The problem: Below are records; work out how many of their lines contain the word "rotation" and reply with the number only.

(Data entries)
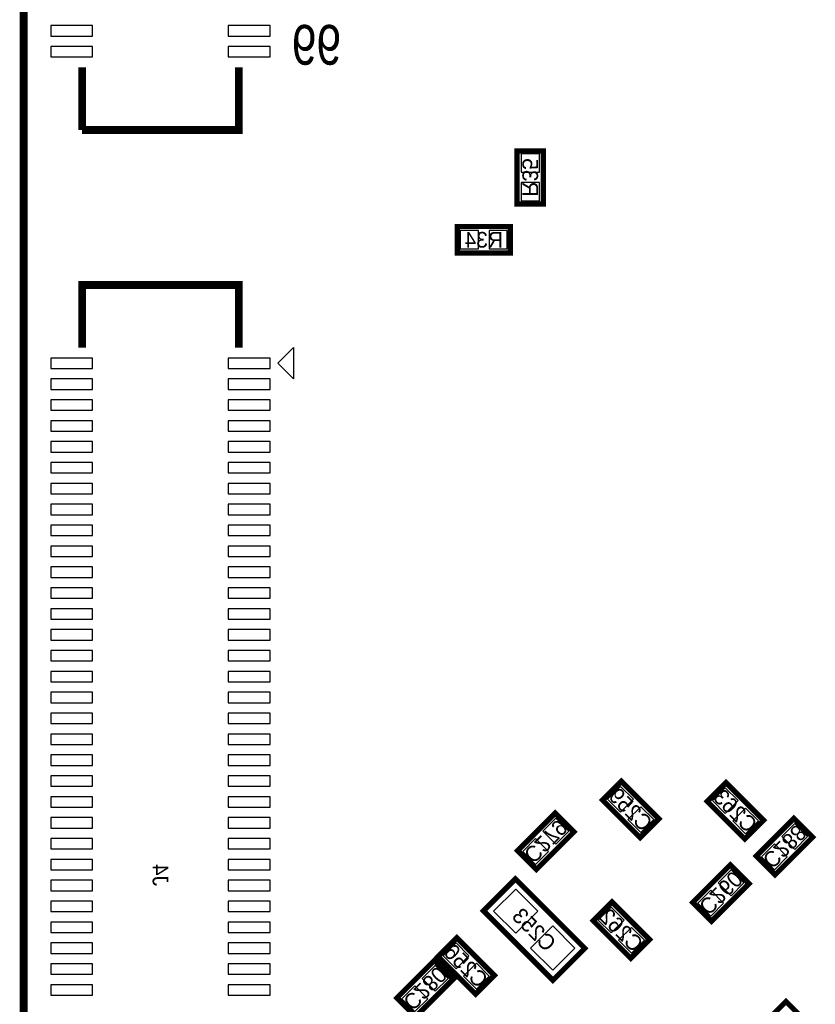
# Model space of a CAD drawing. Extents: x -0.1 to 52.1, y -0.1 to 72.1.
# Tile 2 of 6: x -0.1 to 15.2, y 20.7 to 39.6. Entities that reach past the tile are written whole.
import ezdxf
from ezdxf.enums import TextEntityAlignment as Align

# ---------------------------------------------------------------- set-up
doc = ezdxf.new("R2010")
doc.units = 0
for name, color, linetype in [('BG_OUTLINE', 12, 'CONTINUOUS'), ('PG_SILKSCREEN_BOTTOM', 150, 'CONTINUOUS'), ('PIN_BOTTOM', 202, 'CONTINUOUS'), ('RD_SILKSCREEN_BOTTOM', 1, 'CONTINUOUS')]:
    doc.layers.add(name, color=color, linetype=linetype)

msp = doc.modelspace()

# ---------------------------------------------------------------- linework, layer by layer
at = {"layer": 'BG_OUTLINE', "const_width": 0.1524}
msp.add_lwpolyline([(0, 69.000116), (0, 2.999994)], dxfattribs=at)
at = {"layer": 'PG_SILKSCREEN_BOTTOM'}
for points, const_width in [([(1.118997, 37.483694), (1.118997, 38.683692)], 0.150012), ([(4.118991, 38.683692), (4.118991, 37.483694), (1.118997, 37.483694)], 0.150012), ([(9.446031, 36.068), (9.446031, 37.084), (9.954031, 37.084), (9.954031, 36.068), (9.446031, 36.068)], 0.1016), ([(8.303031, 35.6362), (9.319031, 35.6362), (9.319031, 35.1282), (8.303031, 35.1282), (8.303031, 35.6362)], 0.1016), ([(1.118997, 33.316062), (1.118997, 34.51606), (4.118991, 34.51606), (4.118991, 33.316062)], 0.150012), ([(11.803151, 23.932744), (11.084738, 24.651157), (11.443945, 25.010364), (12.162358, 24.29195), (11.803151, 23.932744)], 0.1016), ([(13.809751, 23.907344), (13.091338, 24.625757), (13.450545, 24.984964), (14.168958, 24.26655), (13.809751, 23.907344)], 0.1016), ([(10.536758, 24.041557), (9.818345, 23.323144), (9.459138, 23.68235), (10.177551, 24.400764), (10.536758, 24.041557)], 0.1016), ([(15.108758, 23.939957), (14.390345, 23.221544), (14.031138, 23.58075), (14.749551, 24.299164), (15.108758, 23.939957)], 0.1016), ([(13.889558, 23.050957), (13.171145, 22.332544), (12.811938, 22.69175), (13.530351, 23.410164), (13.889558, 23.050957)], 0.1016), ([(10.746588, 21.811869), (9.417507, 23.140949), (8.80684, 22.530283), (10.135921, 21.201202), (10.746588, 21.811869)], 0.1016), ([(11.266145, 22.698964), (11.984558, 21.98055), (11.625351, 21.621344), (10.906938, 22.339757), (11.266145, 22.698964)], 0.1016), ([(8.653551, 20.935544), (7.935138, 21.653957), (8.294345, 22.013164), (9.012758, 21.29475), (8.653551, 20.935544)], 0.1016), ([(7.147738, 20.86295), (7.866151, 21.581364), (8.225358, 21.222157), (7.506945, 20.503744), (7.147738, 20.86295)], 0.1016), ([(13.878738, 20.07555), (14.597151, 20.793964), (14.956358, 20.434757), (14.237945, 19.716344), (13.878738, 20.07555)], 0.1016)]:
    msp.add_lwpolyline(points, dxfattribs=dict(at, const_width=const_width))
msp.add_lwpolyline([(5.169002, 33.316062), (5.169002, 32.716064), (4.869002, 33.016063)], close=True, dxfattribs=at)
at = {"layer": 'PIN_BOTTOM'}
for points in [[(1.318997, 39.48369), (0.518998, 39.48369), (0.518998, 39.283691), (1.318997, 39.283691)], [(4.71899, 39.48369), (3.918991, 39.48369), (3.918991, 39.283691), (4.71899, 39.283691)], [(1.318997, 39.083691), (0.518998, 39.083691), (0.518998, 38.883692), (1.318997, 38.883692)], [(4.71899, 39.083691), (3.918991, 39.083691), (3.918991, 38.883692), (4.71899, 38.883692)], [(9.525025, 36.676076), (9.875037, 36.676076), (9.875037, 37.026088), (9.525025, 37.026088)], [(9.525025, 36.125912), (9.875037, 36.125912), (9.875037, 36.475924), (9.525025, 36.475924)], [(8.360943, 35.557206), (8.360943, 35.207194), (8.710955, 35.207194), (8.710955, 35.557206)], [(8.911107, 35.557206), (8.911107, 35.207194), (9.261119, 35.207194), (9.261119, 35.557206)], [(1.318997, 33.116063), (0.518998, 33.116063), (0.518998, 32.916063), (1.318997, 32.916063)], [(4.71899, 33.116063), (3.918991, 33.116063), (3.918991, 32.916063), (4.71899, 32.916063)], [(1.318997, 32.716064), (0.518998, 32.716064), (0.518998, 32.516064), (1.318997, 32.516064)], [(4.71899, 32.716064), (3.918991, 32.716064), (3.918991, 32.516064), (4.71899, 32.516064)], [(1.318997, 32.316064), (0.518998, 32.316064), (0.518998, 32.116065), (1.318997, 32.116065)], [(4.71899, 32.316064), (3.918991, 32.316064), (3.918991, 32.116065), (4.71899, 32.116065)], [(1.318997, 31.916065), (0.518998, 31.916065), (0.518998, 31.716066), (1.318997, 31.716066)], [(4.71899, 31.916065), (3.918991, 31.916065), (3.918991, 31.716066), (4.71899, 31.716066)], [(1.318997, 31.516066), (0.518998, 31.516066), (0.518998, 31.316066), (1.318997, 31.316066)], [(4.71899, 31.516066), (3.918991, 31.516066), (3.918991, 31.316066), (4.71899, 31.316066)], [(1.318997, 31.116067), (0.518998, 31.116067), (0.518998, 30.916067), (1.318997, 30.916067)], [(4.71899, 31.116067), (3.918991, 31.116067), (3.918991, 30.916067), (4.71899, 30.916067)], [(1.318997, 30.716068), (0.518998, 30.716068), (0.518998, 30.516068), (1.318997, 30.516068)], [(4.71899, 30.716068), (3.918991, 30.716068), (3.918991, 30.516068), (4.71899, 30.516068)], [(1.318997, 30.316068), (0.518998, 30.316068), (0.518998, 30.116069), (1.318997, 30.116069)], [(4.71899, 30.316068), (3.918991, 30.316068), (3.918991, 30.116069), (4.71899, 30.116069)], [(1.318997, 29.916069), (0.518998, 29.916069), (0.518998, 29.71607), (1.318997, 29.71607)], [(4.71899, 29.916069), (3.918991, 29.916069), (3.918991, 29.71607), (4.71899, 29.71607)], [(1.318997, 29.516045), (0.518998, 29.516045), (0.518998, 29.316045), (1.318997, 29.316045)], [(4.71899, 29.516045), (3.918991, 29.516045), (3.918991, 29.316045), (4.71899, 29.316045)], [(1.318997, 29.116045), (0.518998, 29.116045), (0.518998, 28.916046), (1.318997, 28.916046)], [(4.71899, 29.116045), (3.918991, 29.116045), (3.918991, 28.916046), (4.71899, 28.916046)], [(1.318997, 28.716046), (0.518998, 28.716046), (0.518998, 28.516047), (1.318997, 28.516047)], [(4.71899, 28.716046), (3.918991, 28.716046), (3.918991, 28.516047), (4.71899, 28.516047)], [(1.318997, 28.316047), (0.518998, 28.316047), (0.518998, 28.116047), (1.318997, 28.116047)], [(4.71899, 28.316047), (3.918991, 28.316047), (3.918991, 28.116047), (4.71899, 28.116047)], [(1.318997, 27.916048), (0.518998, 27.916048), (0.518998, 27.716048), (1.318997, 27.716048)], [(4.71899, 27.916048), (3.918991, 27.916048), (3.918991, 27.716048), (4.71899, 27.716048)], [(1.318997, 27.516049), (0.518998, 27.516049), (0.518998, 27.316049), (1.318997, 27.316049)], [(4.71899, 27.516049), (3.918991, 27.516049), (3.918991, 27.316049), (4.71899, 27.316049)], [(1.318997, 27.116049), (0.518998, 27.116049), (0.518998, 26.91605), (1.318997, 26.91605)], [(4.71899, 27.116049), (3.918991, 27.116049), (3.918991, 26.91605), (4.71899, 26.91605)], [(1.318997, 26.71605), (0.518998, 26.71605), (0.518998, 26.516051), (1.318997, 26.516051)], [(4.71899, 26.71605), (3.918991, 26.71605), (3.918991, 26.516051), (4.71899, 26.516051)], [(1.318997, 26.316051), (0.518998, 26.316051), (0.518998, 26.116051), (1.318997, 26.116051)], [(4.71899, 26.316051), (3.918991, 26.316051), (3.918991, 26.116051), (4.71899, 26.116051)], [(1.318997, 25.916052), (0.518998, 25.916052), (0.518998, 25.716052), (1.318997, 25.716052)], [(4.71899, 25.916052), (3.918991, 25.916052), (3.918991, 25.716052), (4.71899, 25.716052)], [(1.318997, 25.516053), (0.518998, 25.516053), (0.518998, 25.316053), (1.318997, 25.316053)], [(4.71899, 25.516053), (3.918991, 25.516053), (3.918991, 25.316053), (4.71899, 25.316053)], [(1.318997, 25.116053), (0.518998, 25.116053), (0.518998, 24.916054), (1.318997, 24.916054)], [(4.71899, 25.116053), (3.918991, 25.116053), (3.918991, 24.916054), (4.71899, 24.916054)], [(11.429035, 24.418571), (11.676531, 24.666067), (11.429035, 24.913563), (11.181539, 24.666067)], [(1.318997, 24.716054), (0.518998, 24.716054), (0.518998, 24.516055), (1.318997, 24.516055)], [(4.71899, 24.716054), (3.918991, 24.716054), (3.918991, 24.516055), (4.71899, 24.516055)], [(13.435635, 24.393171), (13.683131, 24.640667), (13.435635, 24.888163), (13.188139, 24.640667)], [(11.818061, 24.029545), (12.065557, 24.277041), (11.818061, 24.524536), (11.570565, 24.277041)], [(13.824661, 24.004145), (14.072157, 24.251641), (13.824661, 24.499136), (13.577165, 24.251641)], [(1.318997, 24.316055), (0.518998, 24.316055), (0.518998, 24.116055), (1.318997, 24.116055)], [(4.71899, 24.316055), (3.918991, 24.316055), (3.918991, 24.116055), (4.71899, 24.116055)], [(10.439957, 24.056467), (10.192461, 24.303963), (9.944965, 24.056467), (10.192461, 23.808971)], [(15.011957, 23.954867), (14.764461, 24.202363), (14.516965, 23.954867), (14.764461, 23.707371)], [(1.318997, 23.916056), (0.518998, 23.916056), (0.518998, 23.716056), (1.318997, 23.716056)], [(4.71899, 23.916056), (3.918991, 23.916056), (3.918991, 23.716056), (4.71899, 23.716056)], [(10.050931, 23.667441), (9.803435, 23.914936), (9.555939, 23.667441), (9.803435, 23.419945)], [(14.622931, 23.565841), (14.375435, 23.813336), (14.127939, 23.565841), (14.375435, 23.318345)], [(1.318997, 23.516057), (0.518998, 23.516057), (0.518998, 23.316057), (1.318997, 23.316057)], [(4.71899, 23.516057), (3.918991, 23.516057), (3.918991, 23.316057), (4.71899, 23.316057)], [(13.792757, 23.065867), (13.545261, 23.313363), (13.297765, 23.065867), (13.545261, 22.818371)], [(1.318997, 23.116057), (0.518998, 23.116057), (0.518998, 22.916058), (1.318997, 22.916058)], [(4.71899, 23.116057), (3.918991, 23.116057), (3.918991, 22.916058), (4.71899, 22.916058)], [(9.423248, 22.10071), (9.84708, 22.524542), (9.423248, 22.948374), (8.999415, 22.524542)], [(13.403731, 22.676841), (13.156235, 22.924336), (12.908739, 22.676841), (13.156235, 22.429345)], [(1.318997, 22.716058), (0.518998, 22.716058), (0.518998, 22.516059), (1.318997, 22.516059)], [(4.71899, 22.716058), (3.918991, 22.716058), (3.918991, 22.516059), (4.71899, 22.516059)], [(11.251235, 22.602163), (11.003739, 22.354667), (11.251235, 22.107171), (11.498731, 22.354667)], [(1.318997, 22.316059), (0.518998, 22.316059), (0.518998, 22.116059), (1.318997, 22.116059)], [(4.71899, 22.316059), (3.918991, 22.316059), (3.918991, 22.116059), (4.71899, 22.116059)], [(10.13018, 21.393777), (10.554013, 21.817609), (10.13018, 22.241442), (9.706348, 21.817609)], [(11.640261, 22.213136), (11.392765, 21.965641), (11.640261, 21.718145), (11.887757, 21.965641)], [(1.318997, 21.91606), (0.518998, 21.91606), (0.518998, 21.71606), (1.318997, 21.71606)], [(4.71899, 21.91606), (3.918991, 21.91606), (3.918991, 21.71606), (4.71899, 21.71606)], [(8.279435, 21.421371), (8.526931, 21.668867), (8.279435, 21.916363), (8.031939, 21.668867)], [(1.318997, 21.516061), (0.518998, 21.516061), (0.518998, 21.316061), (1.318997, 21.316061)], [(4.71899, 21.516061), (3.918991, 21.516061), (3.918991, 21.316061), (4.71899, 21.316061)], [(8.668461, 21.032345), (8.915957, 21.279841), (8.668461, 21.527336), (8.420965, 21.279841)], [(7.633565, 21.237067), (7.881061, 20.989571), (8.128557, 21.237067), (7.881061, 21.484563)], [(1.318997, 21.116061), (0.518998, 21.116061), (0.518998, 20.916062), (1.318997, 20.916062)], [(4.71899, 21.116061), (3.918991, 21.116061), (3.918991, 20.916062), (4.71899, 20.916062)], [(7.244539, 20.848041), (7.492035, 20.600545), (7.739531, 20.848041), (7.492035, 21.095536)]]:
    msp.add_lwpolyline(points, close=True, dxfattribs=at)

# ---------------------------------------------------------------- texts
at = {"layer": 'PG_SILKSCREEN_BOTTOM', "text_generation_flag": 2, "width": 0.833333}
msp.add_text('99', height=0.762, dxfattribs=at).set_placement((6.080531, 38.735))
at = {"layer": 'RD_SILKSCREEN_BOTTOM', "text_generation_flag": 2}
for s, rotation, p in [('R35', 270, (9.550044, 36.576356)), ('C259', 315, (11.517198, 24.365788)), ('C263', 315, (13.523798, 24.340388)), ('C279', 225, (9.892106, 23.968227)), ('C288', 225, (14.464106, 23.866627)), ('J4', 270, (2.469007, 23.216413)), ('C260', 225, (13.244906, 22.977627)), ('C253', 315, (9.670364, 22.06531)), ('C262', 315, (11.339398, 22.054388)), ('C256', 315, (8.367598, 21.368588)), ('C280', 225, (7.580706, 21.148827))]:
    msp.add_text(s, height=0.299999, rotation=rotation, dxfattribs=at).set_placement(p, align=Align.CENTER)
msp.add_text('R34', height=0.299999, dxfattribs=at).set_placement((8.811031, 35.232188), align=Align.CENTER)

doc.saveas('drawing.dxf')

Worked solution: 2